A Cerâmica, a escola primária onde estudei na década de 1980, também é uma construção colonial. Mas o mundo inteiro, especialmente fora de Angola, visto que a história de Angola é mais conhecida no estrangeiro e pelos estrangeiros, ainda se lembra que um dos filhos ilustres desta terra quis, já no século XVI, realizar grandes obras para erguer em Mbanza-a-Kongo o que existe hoje em Roma ou em Paris. Na sua época, o bem comum não era roubado e a grandeza de um líder era medida pela sua capacidade de servir ao seu povo. Como então é possível, uma alma inteligente sem dúvida ficaria espantada, que assim seja hoje na capital da província do nosso país que nos fornece a maior quantidade de petróleo que nos sustenta e que enriqueceu todos os ladrões do MPLA, os seus bons filhos e amigos estrangeiros?
Mas o MPLA ainda espera que os filhos do Zaire cantem louvores para ele. Até quer ler a adoração nos seus olhos. Hoje, as vozes dos naturais desta província levantam-se com razão para denunciar o desprezo histórico de que sofrem. Querem entender porque são sempre esquecidos no anúncio de projectos, como recentemente a construção de centralidades. Não querem mais abaixar a cabeça como os seus pais, que durante muito tempo o complexo e as discriminações do MPLA amordaçaram e humilharam pela intimidação. Desde que os ideólogos do MPLA receberam do Colono português a sua versão da valente resistência do reino do Kongo contra Portugal, que voluntariamente modificaram e manipularam para criar para o MPLA uma angolanidade e uma legitimidade exclusivas na nossa história política interna, muito recente e irrisória em comparação com o nosso percurso como um povo. Os olhos dos filhos do Zaire olham nos olhos do MPLA, como tochas, e perguntam-lhe onde está o decreto que estipulava que uma percentagem das receitas do petróleo devia ficar na província produtora.

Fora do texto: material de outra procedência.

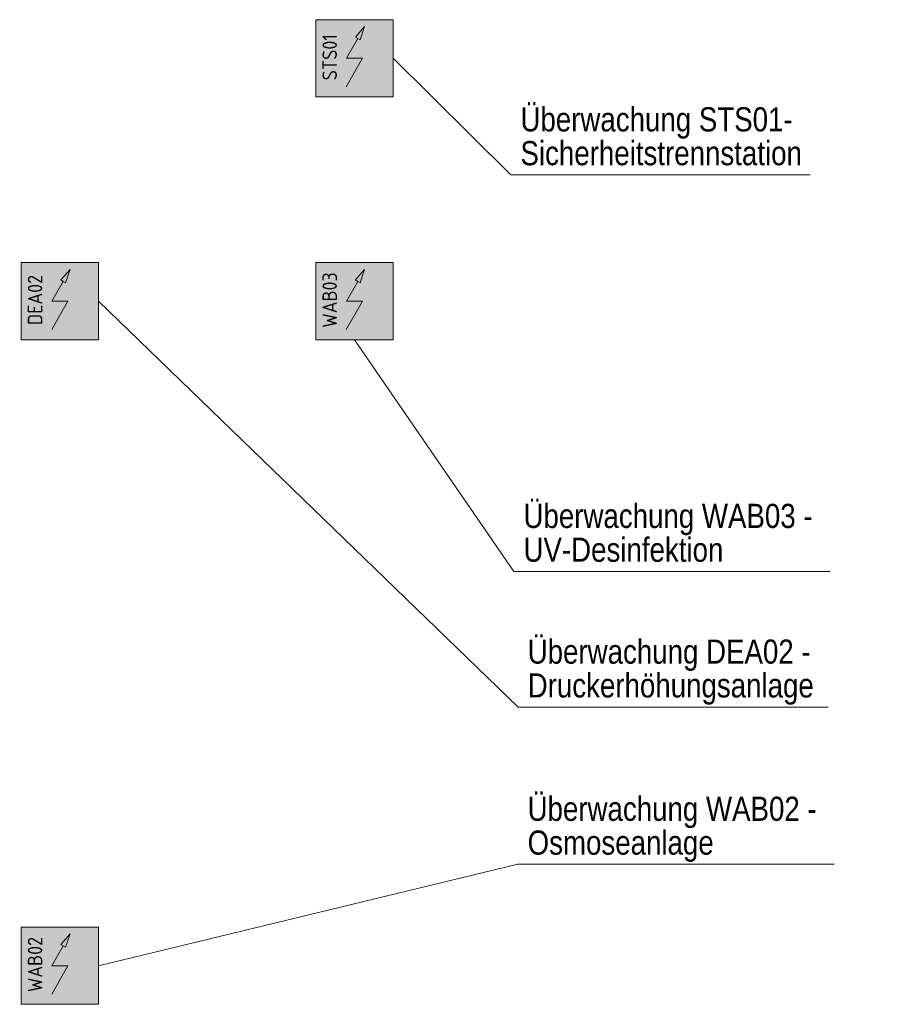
# Model space of a CAD drawing. Header units: metres. Extents: x -13.3 to 22.4, y -10.6 to 32.8.
# Tile 10 of 10: x 8.6 to 13.1, y 24.5 to 29.6. Entities that reach past the tile are written whole.
import ezdxf
from ezdxf.enums import TextEntityAlignment as Align

# ---------------------------------------------------------------- set-up
doc = ezdxf.new("R2010")
doc.units = ezdxf.units.M
doc.header["$MEASUREMENT"] = 0
for name, color, linetype, lineweight in [('TRI_H3D', 7, 'Continuous', 0), ('ZWP_480_SYM_SCHWARZ', 7, 'Continuous', 13), ('ZWP_480_TEXT_1_50_TOP', 7, 'Continuous', 0)]:
    doc.layers.add(name, color=color, linetype=linetype, lineweight=lineweight)
doc.layers.get('TRI_H3D').off()
doc.styles.add('ZWP_1 200', font='ARIALN.TTF', dxfattribs={"height": 0.5})
doc.styles.add('ZWP_1 50', font='ARIALN.TTF', dxfattribs={"height": 0.125})

# ---------------------------------------------------------------- blocks, each defined once
blk = doc.blocks.new('_T3D___18')
at = {"layer": 'ZWP_480_TEXT_1_50_TOP', "linetype": 'Continuous'}
for q in [(5.6114, 29.5772, -0.395), (8.4502, 28.6983, -0.395)]:
    blk.add_line((5.9745, 28.6983, -0.395), q, dxfattribs=at)
at = {"layer": 'ZWP_480_TEXT_1_50_TOP', "linetype": 'Continuous', "style": 'ZWP_1 50'}
for s, p in [('Leckagewächter im Schaltschrankfuß', (6.0245, 29.0483, -0.395)), ('H=0 OKFFB', (6.0245, 28.8733, -0.395))]:
    blk.add_text(s, height=0.125, dxfattribs=at).set_placement(p, align=Align.TOP_LEFT)
blk = doc.blocks.new('ZWP_480_Autarke_Anlage_1_3')
at = {"lineweight": 13, "extrusion": (0, 0, -1)}
blk.add_hatch(color=256, dxfattribs=at).paths.add_polyline_path([(-0.0294, -0.1046), (-0.0524, -0.0355), (-0.0046, -0.0904), (-0.017, -0.0975)])
at = {"lineweight": 13}
for p, q in [((-0.0417, -0.2), (0.017, -0.0975)), ((-0.0424, -0.347), (0.0417, -0.2)), ((-0.0417, -0.2), (0.0417, -0.2))]:
    blk.add_line(p, q, dxfattribs=at)
at = {"lineweight": 13, "flags": 128}
for points in [[(-0.2, -0.4), (-0.2, 0), (0.2, 0), (0.2, -0.4)], [(0.0046, -0.0904), (0.0524, -0.0355), (0.0294, -0.1046), (0.017, -0.0975)]]:
    blk.add_lwpolyline(points, close=True, dxfattribs=at)
at = {"color": 254, "lineweight": 13, "extrusion": (0, 0, -1)}
blk.add_solid([(0.2, -0.4), (0.2, 0), (-0.2, -0.4), (-0.2, 0)], dxfattribs=at)
at = {"insert": (-0.1284, -0.1944), "char_height": 0.15, "attachment_point": 5, "rotation": 90, "style": 'ZWP_1 200'}
blk.add_mtext('\\Fisocp;\\Q0;\\H0.5x;STS01', dxfattribs=at)
blk = doc.blocks.new('_T3D___44')
at = {"layer": 'ZWP_480_TEXT_1_50_TOP', "linetype": 'Continuous'}
for q in [(-0.6588, 0.2534), (1.4986, -0.35)]:
    blk.add_line((-0.05, -0.35), q, dxfattribs=at)
at = {"layer": 'ZWP_480_TEXT_1_50_TOP', "linetype": 'Continuous', "style": 'ZWP_1 50'}
for s, p in [('Überwachung STS01- ', (0, 0)), ('Sicherheitstrennstation', (0, -0.175))]:
    blk.add_text(s, height=0.125, dxfattribs=at).set_placement(p, align=Align.TOP_LEFT)
blk = doc.blocks.new('ZWP_480_Autarke_Anlage_1_7')
at = {"lineweight": 13, "extrusion": (0, 0, -1)}
blk.add_hatch(color=256, dxfattribs=at).paths.add_polyline_path([(-0.0294, -0.1046), (-0.0524, -0.0355), (-0.0046, -0.0904), (-0.017, -0.0975)])
at = {"lineweight": 13}
for p, q in [((-0.0417, -0.2), (0.017, -0.0975)), ((-0.0424, -0.347), (0.0417, -0.2)), ((-0.0417, -0.2), (0.0417, -0.2))]:
    blk.add_line(p, q, dxfattribs=at)
at = {"lineweight": 13, "flags": 128}
for points in [[(-0.2, -0.4), (-0.2, 0), (0.2, 0), (0.2, -0.4)], [(0.0046, -0.0904), (0.0524, -0.0355), (0.0294, -0.1046), (0.017, -0.0975)]]:
    blk.add_lwpolyline(points, close=True, dxfattribs=at)
at = {"color": 254, "lineweight": 13}
blk.add_solid([(-0.2, -0.4), (-0.2, 0), (0.2, -0.4), (0.2, 0)], dxfattribs=at)
at = {"insert": (-0.1284, -0.1944), "char_height": 0.15, "attachment_point": 5, "rotation": 90, "style": 'ZWP_1 200'}
blk.add_mtext('\\Fisocp;\\Q0;\\H0.5x;WAB02', dxfattribs=at)
blk = doc.blocks.new('_T3D___48')
at = {"layer": 'ZWP_480_TEXT_1_50_TOP', "linetype": 'Continuous'}
for q in [(-2.2204, -0.8747), (1.5861, -0.35)]:
    blk.add_line((-0.05, -0.35), q, dxfattribs=at)
at = {"layer": 'ZWP_480_TEXT_1_50_TOP', "linetype": 'Continuous', "style": 'ZWP_1 50'}
for s, p in [('Überwachung WAB02 - ', (0, 0)), ('Osmoseanlage', (0, -0.175))]:
    blk.add_text(s, height=0.125, dxfattribs=at).set_placement(p, align=Align.TOP_LEFT)
blk = doc.blocks.new('ZWP_480_Autarke_Anlage_1_8')
at = {"lineweight": 13, "extrusion": (0, 0, -1)}
blk.add_hatch(color=256, dxfattribs=at).paths.add_polyline_path([(-0.0294, -0.1046), (-0.0524, -0.0355), (-0.0046, -0.0904), (-0.017, -0.0975)])
at = {"lineweight": 13}
for p, q in [((-0.0417, -0.2), (0.017, -0.0975)), ((-0.0424, -0.347), (0.0417, -0.2)), ((-0.0417, -0.2), (0.0417, -0.2))]:
    blk.add_line(p, q, dxfattribs=at)
at = {"lineweight": 13, "flags": 128}
for points in [[(-0.2, -0.4), (-0.2, 0), (0.2, 0), (0.2, -0.4)], [(0.0046, -0.0904), (0.0524, -0.0355), (0.0294, -0.1046), (0.017, -0.0975)]]:
    blk.add_lwpolyline(points, close=True, dxfattribs=at)
at = {"color": 254, "lineweight": 13}
blk.add_solid([(-0.2, -0.4), (-0.2, 0), (0.2, -0.4), (0.2, 0)], dxfattribs=at)
at = {"insert": (-0.1284, -0.1944), "char_height": 0.15, "attachment_point": 5, "rotation": 90, "style": 'ZWP_1 200'}
blk.add_mtext('\\Fisocp;\\Q0;\\H0.5x;DEA02', dxfattribs=at)
blk = doc.blocks.new('_T3D___49')
at = {"layer": 'ZWP_480_TEXT_1_50_TOP', "linetype": 'Continuous'}
for q in [(-2.2209, 1.7518), (1.5543, -0.35)]:
    blk.add_line((-0.05, -0.35), q, dxfattribs=at)
at = {"layer": 'ZWP_480_TEXT_1_50_TOP', "linetype": 'Continuous', "style": 'ZWP_1 50'}
for s, p in [('Überwachung DEA02 - ', (0, 0)), ('Druckerhöhungsanlage', (0, -0.175))]:
    blk.add_text(s, height=0.125, dxfattribs=at).set_placement(p, align=Align.TOP_LEFT)
blk = doc.blocks.new('ZWP_480_Autarke_Anlage_1_9')
at = {"lineweight": 13, "extrusion": (0, 0, -1)}
blk.add_hatch(color=256, dxfattribs=at).paths.add_polyline_path([(-0.0294, -0.1046), (-0.0524, -0.0355), (-0.0046, -0.0904), (-0.017, -0.0975)])
at = {"lineweight": 13}
for p, q in [((-0.0417, -0.2), (0.017, -0.0975)), ((-0.0424, -0.347), (0.0417, -0.2)), ((-0.0417, -0.2), (0.0417, -0.2))]:
    blk.add_line(p, q, dxfattribs=at)
at = {"lineweight": 13, "flags": 128}
for points in [[(-0.2, -0.4), (-0.2, 0), (0.2, 0), (0.2, -0.4)], [(0.0046, -0.0904), (0.0524, -0.0355), (0.0294, -0.1046), (0.017, -0.0975)]]:
    blk.add_lwpolyline(points, close=True, dxfattribs=at)
at = {"color": 254, "lineweight": 13}
blk.add_solid([(-0.2, -0.4), (-0.2, 0), (0.2, -0.4), (0.2, 0)], dxfattribs=at)
at = {"insert": (-0.1284, -0.1944), "char_height": 0.15, "attachment_point": 5, "rotation": 90, "style": 'ZWP_1 200'}
blk.add_mtext('\\Fisocp;\\Q0;\\H0.5x;WAB03', dxfattribs=at)
blk = doc.blocks.new('_T3D___50')
at = {"layer": 'ZWP_480_TEXT_1_50_TOP', "linetype": 'Continuous'}
for q in [(-0.8745, 0.8493), (1.5861, -0.35)]:
    blk.add_line((-0.05, -0.35), q, dxfattribs=at)
at = {"layer": 'ZWP_480_TEXT_1_50_TOP', "linetype": 'Continuous', "style": 'ZWP_1 50'}
for s, p in [('Überwachung WAB03 - ', (0, 0)), ('UV-Desinfektion', (0, -0.175))]:
    blk.add_text(s, height=0.125, dxfattribs=at).set_placement(p, align=Align.TOP_LEFT)

msp = doc.modelspace()

# ---------------------------------------------------------------- block references
at = {"layer": 'TRI_H3D', "color": 7, "linetype": 'Continuous', "lineweight": 0}
for name, p in [('_T3D___18', (0, 0, -0.005)), ('_T3D___44', (11.1794, 29.143, -0.5)), ('_T3D___49', (11.2168, 26.3876, -0.5)), ('_T3D___50', (11.1951, 27.0901, -0.5)), ('_T3D___48', (11.2163, 25.5739, -0.5))]:
    msp.add_blockref(name, p, dxfattribs=at)
at = {"layer": 'ZWP_480_SYM_SCHWARZ', "lineweight": 13}
for name, p in [('ZWP_480_Autarke_Anlage_1_3', (10.3206, 29.5964, -1.78)), ('ZWP_480_Autarke_Anlage_1_8', (8.7959, 28.3394, -1.78)), ('ZWP_480_Autarke_Anlage_1_9', (10.3206, 28.3394, -1.78)), ('ZWP_480_Autarke_Anlage_1_7', (8.7959, 24.8992, -1.78))]:
    msp.add_blockref(name, p, dxfattribs=at)

doc.saveas('drawing.dxf')

A estas vozes em ascensão, ouvimo-las na semana passada, sobretudo nas redes sociais, e que apelam a ir exigir mais justiça, durante uma manifestação marcada para amanhã sábado, o Presidente João Lourenço, que concordou em assumir o slogan revolucionário “Melhorar o que está bem e corrigir o que está mal", deve dar ouvidos atentos. Essa injustiça contra todos os Bakongo, conheço-a de perto, não me foi contada. E não é verdade que os do Zaire aceitam tudo, a sua voz é abafada, é diferente! Escutem "Ntoyo", uma música reveladora e profunda do genial Teta Lando, vão entender.
Ricardo Vita é Pan-africanista, afro-optimista radicado em Paris, França. É colunista do diário Público (Portugal), cofundador do instituto République et Diversité que promove a diversidade em França e é empresário.